To remove the gap while preserving the original figure size, you can use fig.subplots_adjust(hspace=xxx) or the equivalent plt.subplots(gridspec_kw=dict(hspace=xxx)), as shown in the following example:
import numpy as np # v 1.19.2
import matplotlib.pyplot as plt # v 3.3.2
np.random.seed(1)
fig, (ax1, ax2) = plt.subplots(2, 1, figsize=(10, 6.25),
gridspec_kw=dict(hspace=-0.206))
# For those not using plt.subplots, you can use this instead:
# fig.subplots_adjust(hspace=-0.206)
size = 50
ax1.imshow(np.random.random((10, size)))
ax1.xaxis.set_visible(False)
# Create plot of a line that is aligned with the image above
x = np.arange(0, size)
ax2.plot(x, x, 'k-')
ax2.set_xlim(ax1.get_xlim())
plt.show()
I am not aware of any way to define the appropriate hspace automatically so that the gap can be removed for any image width. As stated in the docstring for fig.subplots_adjust(), it corresponds to the height of the padding between subplots, as a fraction of the average axes height. So I attempted to compute hspace by dividing the gap between the subplots by the average height of both subplots like this:
# Extract axes positions in figure coordinates
ax1_x0, ax1_y0, ax1_x1, ax1_y1 = np.ravel(ax1.get_position())

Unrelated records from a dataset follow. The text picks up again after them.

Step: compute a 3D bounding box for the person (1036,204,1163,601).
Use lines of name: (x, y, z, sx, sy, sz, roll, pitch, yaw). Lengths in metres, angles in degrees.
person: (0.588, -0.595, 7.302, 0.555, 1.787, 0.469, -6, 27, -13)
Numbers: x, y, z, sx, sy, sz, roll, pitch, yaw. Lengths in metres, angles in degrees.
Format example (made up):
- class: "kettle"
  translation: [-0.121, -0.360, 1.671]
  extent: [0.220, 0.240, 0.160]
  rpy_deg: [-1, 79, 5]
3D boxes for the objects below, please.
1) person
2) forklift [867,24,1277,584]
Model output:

ax2_x0, ax2_y0, ax2_x1, ax2_y1 = np.ravel(ax2.get_position())
# Compute negative hspace to close the vertical gap between subplots
ax1_h = ax1_y1-ax1_y0
ax2_h = ax2_y1-ax2_y0
avg_h = (ax1_h+ax2_h)/2
gap = ax1_y0-ax2_y1
hspace=-(gap/avg_h) # this divided by 2 also does not work
fig.subplots_adjust(hspace=hspace)
Unfortunately, this does not work. Maybe someone else has a solution for this.

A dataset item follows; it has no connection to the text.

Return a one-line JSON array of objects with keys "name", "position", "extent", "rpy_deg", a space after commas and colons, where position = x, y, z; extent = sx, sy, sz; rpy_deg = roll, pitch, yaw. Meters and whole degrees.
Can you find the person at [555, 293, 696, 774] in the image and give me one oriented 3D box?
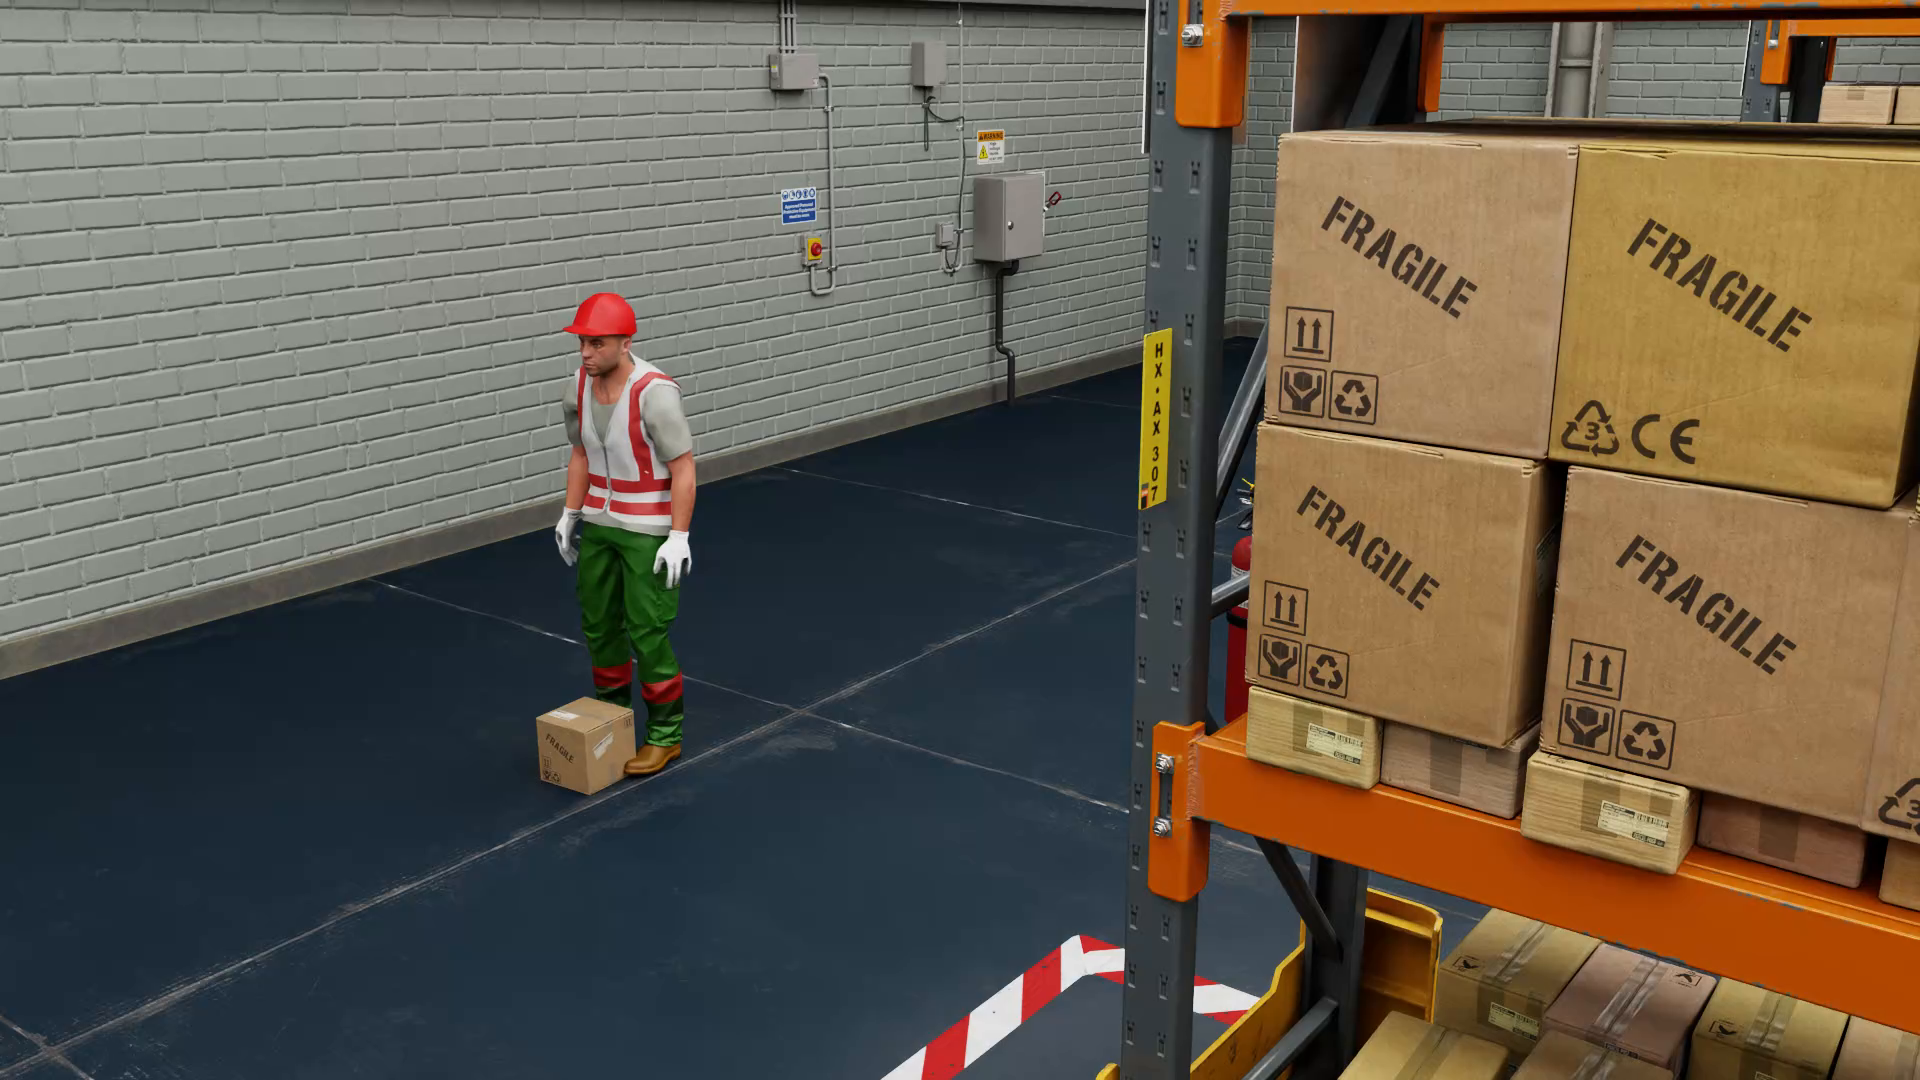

It is also worth mentioning that I tried removing the gap between subplots by editing the y positions like in this example:
# Extract axes positions in figure coordinates
ax1_x0, ax1_y0, ax1_x1, ax1_y1 = np.ravel(ax1.get_position())

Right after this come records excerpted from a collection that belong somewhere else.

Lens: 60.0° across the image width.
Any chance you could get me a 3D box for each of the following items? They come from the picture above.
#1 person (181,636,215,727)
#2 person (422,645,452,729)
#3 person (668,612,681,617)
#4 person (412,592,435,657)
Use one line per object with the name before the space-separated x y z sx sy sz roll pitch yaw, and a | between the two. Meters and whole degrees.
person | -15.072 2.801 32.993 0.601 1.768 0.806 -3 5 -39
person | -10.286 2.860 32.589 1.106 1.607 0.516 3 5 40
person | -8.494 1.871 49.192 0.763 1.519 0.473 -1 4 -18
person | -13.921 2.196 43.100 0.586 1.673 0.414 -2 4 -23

ax2_x0, ax2_y0, ax2_x1, ax2_y1 = np.ravel(ax2.get_position())
# Set new y positions: shift ax1 down over gap
gap = ax1_y0-ax2_y1
ax1.set_position([ax1_x0, ax1_y0-gap, ax1_x1, ax1_y1-gap])
ax2.set_position([ax2_x0, ax2_y0, ax2_x1, ax2_y1])
Unfortunately, this (and variations of this) produces seemingly unpredictable results, including a figure resizing similar to when using fig.tight_layout(). Maybe someone else has an explanation for what is happening here behind the scenes.